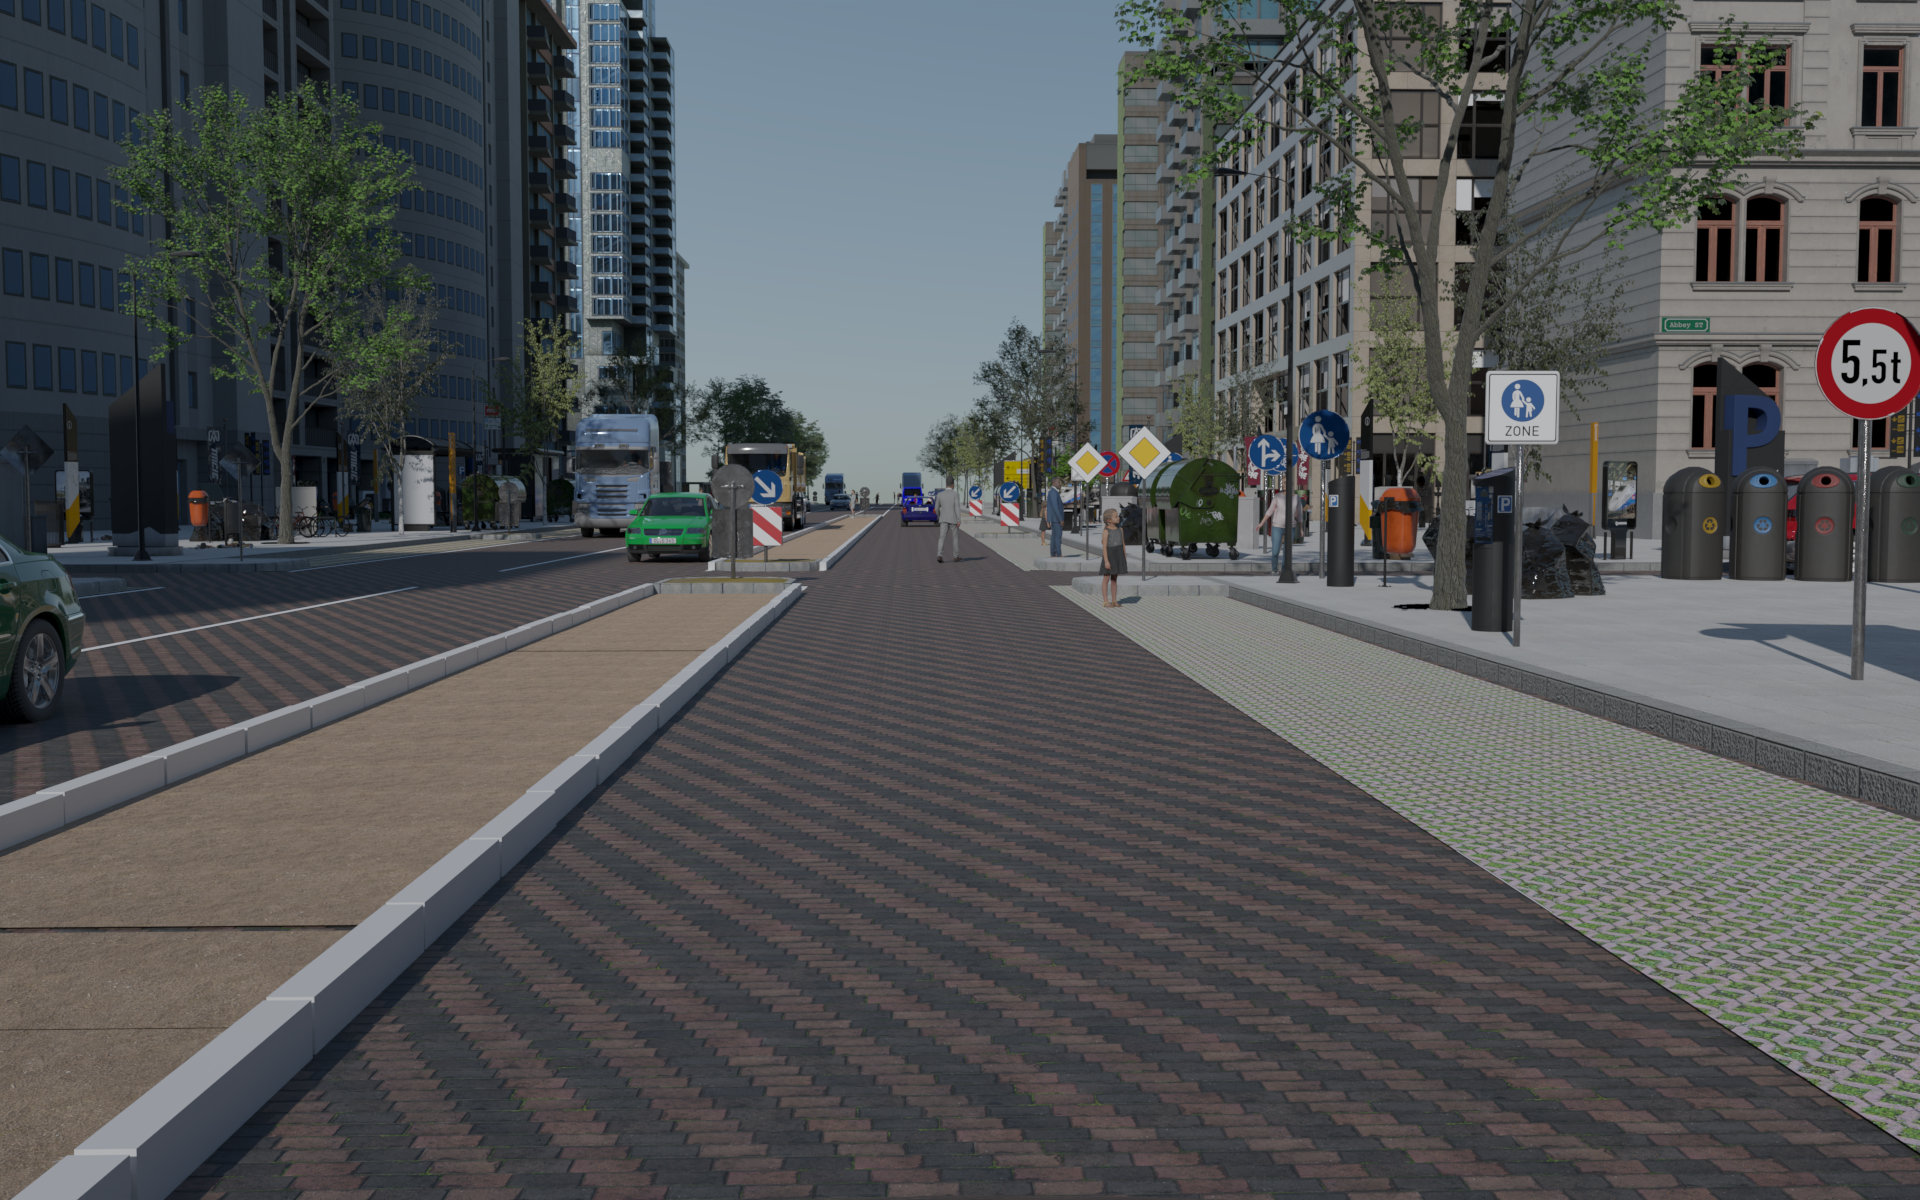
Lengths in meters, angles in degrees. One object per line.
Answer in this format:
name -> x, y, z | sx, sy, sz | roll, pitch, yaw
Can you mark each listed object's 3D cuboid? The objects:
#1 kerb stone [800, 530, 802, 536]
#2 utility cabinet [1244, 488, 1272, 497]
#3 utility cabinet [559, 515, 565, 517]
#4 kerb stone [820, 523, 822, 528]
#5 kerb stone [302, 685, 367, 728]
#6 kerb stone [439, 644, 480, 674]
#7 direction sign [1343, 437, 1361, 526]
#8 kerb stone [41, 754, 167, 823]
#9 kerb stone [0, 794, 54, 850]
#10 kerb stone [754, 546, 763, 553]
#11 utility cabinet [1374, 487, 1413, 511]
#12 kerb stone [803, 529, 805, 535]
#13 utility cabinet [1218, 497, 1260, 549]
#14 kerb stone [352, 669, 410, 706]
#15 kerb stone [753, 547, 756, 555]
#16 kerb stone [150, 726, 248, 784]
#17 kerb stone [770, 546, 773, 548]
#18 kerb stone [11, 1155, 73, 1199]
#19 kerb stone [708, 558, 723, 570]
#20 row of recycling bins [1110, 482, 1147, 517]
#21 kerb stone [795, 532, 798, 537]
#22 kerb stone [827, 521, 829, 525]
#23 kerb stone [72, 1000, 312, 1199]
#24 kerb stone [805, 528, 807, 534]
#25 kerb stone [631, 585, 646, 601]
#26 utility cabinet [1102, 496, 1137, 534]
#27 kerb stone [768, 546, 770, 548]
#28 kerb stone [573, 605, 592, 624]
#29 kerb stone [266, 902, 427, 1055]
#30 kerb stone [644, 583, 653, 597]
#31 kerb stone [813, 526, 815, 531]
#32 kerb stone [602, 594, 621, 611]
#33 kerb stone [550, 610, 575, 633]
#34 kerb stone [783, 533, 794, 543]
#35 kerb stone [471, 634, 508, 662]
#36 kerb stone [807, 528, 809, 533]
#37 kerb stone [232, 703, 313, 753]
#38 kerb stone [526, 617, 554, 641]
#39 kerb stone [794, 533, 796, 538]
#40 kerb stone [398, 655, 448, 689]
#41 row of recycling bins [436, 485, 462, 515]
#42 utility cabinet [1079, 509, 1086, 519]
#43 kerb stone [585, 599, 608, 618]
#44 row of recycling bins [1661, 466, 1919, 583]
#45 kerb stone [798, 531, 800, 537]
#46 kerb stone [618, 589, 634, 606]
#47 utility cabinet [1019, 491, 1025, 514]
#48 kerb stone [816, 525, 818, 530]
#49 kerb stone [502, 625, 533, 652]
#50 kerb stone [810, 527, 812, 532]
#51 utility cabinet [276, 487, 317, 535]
kerb stone -> -5.441, -2.169, 57.691 | 0.120, 0.150, 1.000 | 0, 4, -2
utility cabinet -> 10.795, -3.320, 62.959 | 0.318, 1.500, 1.173 | -3, 5, -43
utility cabinet -> -22.014, -5.199, 93.683 | 1.173, 1.500, 0.318 | -2, 4, -26
kerb stone -> -5.862, -2.985, 71.001 | 0.120, 0.150, 1.000 | 0, 4, -2
kerb stone -> -4.010, 0.686, 11.023 | 0.120, 0.150, 1.000 | 0, 4, -2
kerb stone -> -4.113, 0.495, 14.102 | 0.120, 0.150, 1.000 | 0, 4, -2
direction sign -> 15.646, -4.702, 68.868 | 0.876, 3.537, 0.379 | 3, 4, 36
kerb stone -> -3.930, 0.871, 7.955 | 0.120, 0.150, 1.000 | 0, 4, -2
kerb stone -> -3.891, 0.937, 6.933 | 0.120, 0.150, 1.000 | 0, 4, -2
kerb stone -> -4.980, -1.231, 42.322 | 0.120, 0.150, 1.000 | 0, 4, -2
utility cabinet -> 12.864, -2.616, 51.446 | 0.318, 1.500, 1.173 | -3, 4, -38
kerb stone -> -5.517, -2.296, 59.742 | 0.120, 0.150, 1.000 | 0, 4, -2
utility cabinet -> 6.477, -1.793, 40.481 | 1.020, 1.237, 0.306 | 3, 4, 36
kerb stone -> -4.046, 0.621, 12.044 | 0.120, 0.150, 1.000 | 0, 4, -2
kerb stone -> -4.914, -1.105, 40.262 | 0.120, 0.150, 1.000 | 0, 4, -2
kerb stone -> -3.959, 0.808, 8.979 | 0.120, 0.150, 1.000 | 0, 4, -2
kerb stone -> -5.080, -1.418, 45.399 | 0.120, 0.150, 1.000 | 0, 4, -2
kerb stone -> -1.659, 1.184, 2.872 | 0.120, 0.150, 1.000 | 0, 4, -2
kerb stone -> -4.691, -0.666, 33.091 | 0.120, 0.150, 1.000 | 0, 4, -2
row of recycling bins -> 6.644, -3.114, 58.028 | 3.534, 1.692, 1.069 | -2, 4, -28
kerb stone -> -5.388, -2.046, 55.644 | 0.120, 0.150, 1.000 | 0, 4, -2
kerb stone -> -6.044, -3.362, 77.157 | 0.120, 0.150, 1.000 | 0, 4, -2
kerb stone -> -1.689, 1.119, 3.893 | 0.120, 0.150, 1.000 | 0, 4, -2
kerb stone -> -5.548, -2.359, 60.769 | 0.120, 0.150, 1.000 | 0, 4, -2
kerb stone -> -4.396, -0.069, 23.322 | 0.120, 0.150, 1.000 | 0, 4, -2
utility cabinet -> 4.614, -2.384, 50.133 | 1.020, 1.237, 0.306 | 2, 4, 34
kerb stone -> -5.037, -1.356, 44.368 | 0.120, 0.150, 1.000 | 0, 4, -2
kerb stone -> -4.266, 0.191, 19.232 | 0.120, 0.150, 1.000 | 0, 4, -2
kerb stone -> -1.722, 1.057, 4.918 | 0.120, 0.150, 1.000 | 0, 4, -2
kerb stone -> -4.421, -0.131, 24.344 | 0.120, 0.150, 1.000 | 0, 4, -2
kerb stone -> -5.710, -2.670, 65.876 | 0.120, 0.150, 1.000 | 0, 4, -2
kerb stone -> -4.335, 0.057, 21.277 | 0.120, 0.150, 1.000 | 0, 4, -2
kerb stone -> -4.235, 0.244, 18.203 | 0.120, 0.150, 1.000 | 0, 4, -2
kerb stone -> -5.323, -1.921, 53.596 | 0.120, 0.150, 1.000 | 0, 4, -2
kerb stone -> -4.145, 0.433, 15.124 | 0.120, 0.150, 1.000 | 0, 4, -2
kerb stone -> -5.577, -2.415, 61.791 | 0.120, 0.150, 1.000 | 0, 4, -2
kerb stone -> -3.984, 0.746, 10.001 | 0.120, 0.150, 1.000 | 0, 4, -2
kerb stone -> -4.212, 0.307, 17.181 | 0.120, 0.150, 1.000 | 0, 4, -2
kerb stone -> -5.354, -1.979, 54.623 | 0.120, 0.150, 1.000 | 0, 4, -2
kerb stone -> -4.081, 0.558, 13.076 | 0.120, 0.150, 1.000 | 0, 4, -2
row of recycling bins -> -23.371, -4.574, 81.890 | 3.534, 1.692, 1.069 | -2, 4, -33
utility cabinet -> 6.513, -4.806, 89.739 | 0.306, 1.237, 1.020 | -1, 4, -19
kerb stone -> -4.296, 0.119, 20.256 | 0.120, 0.150, 1.000 | 0, 4, -2
row of recycling bins -> 12.331, -1.139, 25.744 | 3.534, 1.692, 1.069 | 1, 4, 17
kerb stone -> -5.415, -2.108, 56.666 | 0.120, 0.150, 1.000 | 0, 4, -2
kerb stone -> -4.364, -0.002, 22.300 | 0.120, 0.150, 1.000 | 0, 4, -2
utility cabinet -> 3.732, -6.100, 108.408 | 0.318, 1.500, 1.173 | -1, 4, -20
kerb stone -> -5.765, -2.796, 67.922 | 0.120, 0.150, 1.000 | 0, 4, -2
kerb stone -> -4.176, 0.374, 16.159 | 0.120, 0.150, 1.000 | 0, 4, -2
kerb stone -> -5.646, -2.547, 63.833 | 0.120, 0.150, 1.000 | 0, 4, -2
utility cabinet -> -20.638, -2.763, 53.858 | 1.173, 1.500, 0.318 | -1, 4, -22
################
Of the entries listed above, reproduce only the lines starting at the line containing "Can you mark" and ending at the line containing "#10 kerb stone [754, 546, 763, 553]". Include both, exactly as they stand.

* EXERCISE RESPONSE *
Can you mark each listed object's 3D cuboid? The objects:
#1 kerb stone [800, 530, 802, 536]
#2 utility cabinet [1244, 488, 1272, 497]
#3 utility cabinet [559, 515, 565, 517]
#4 kerb stone [820, 523, 822, 528]
#5 kerb stone [302, 685, 367, 728]
#6 kerb stone [439, 644, 480, 674]
#7 direction sign [1343, 437, 1361, 526]
#8 kerb stone [41, 754, 167, 823]
#9 kerb stone [0, 794, 54, 850]
#10 kerb stone [754, 546, 763, 553]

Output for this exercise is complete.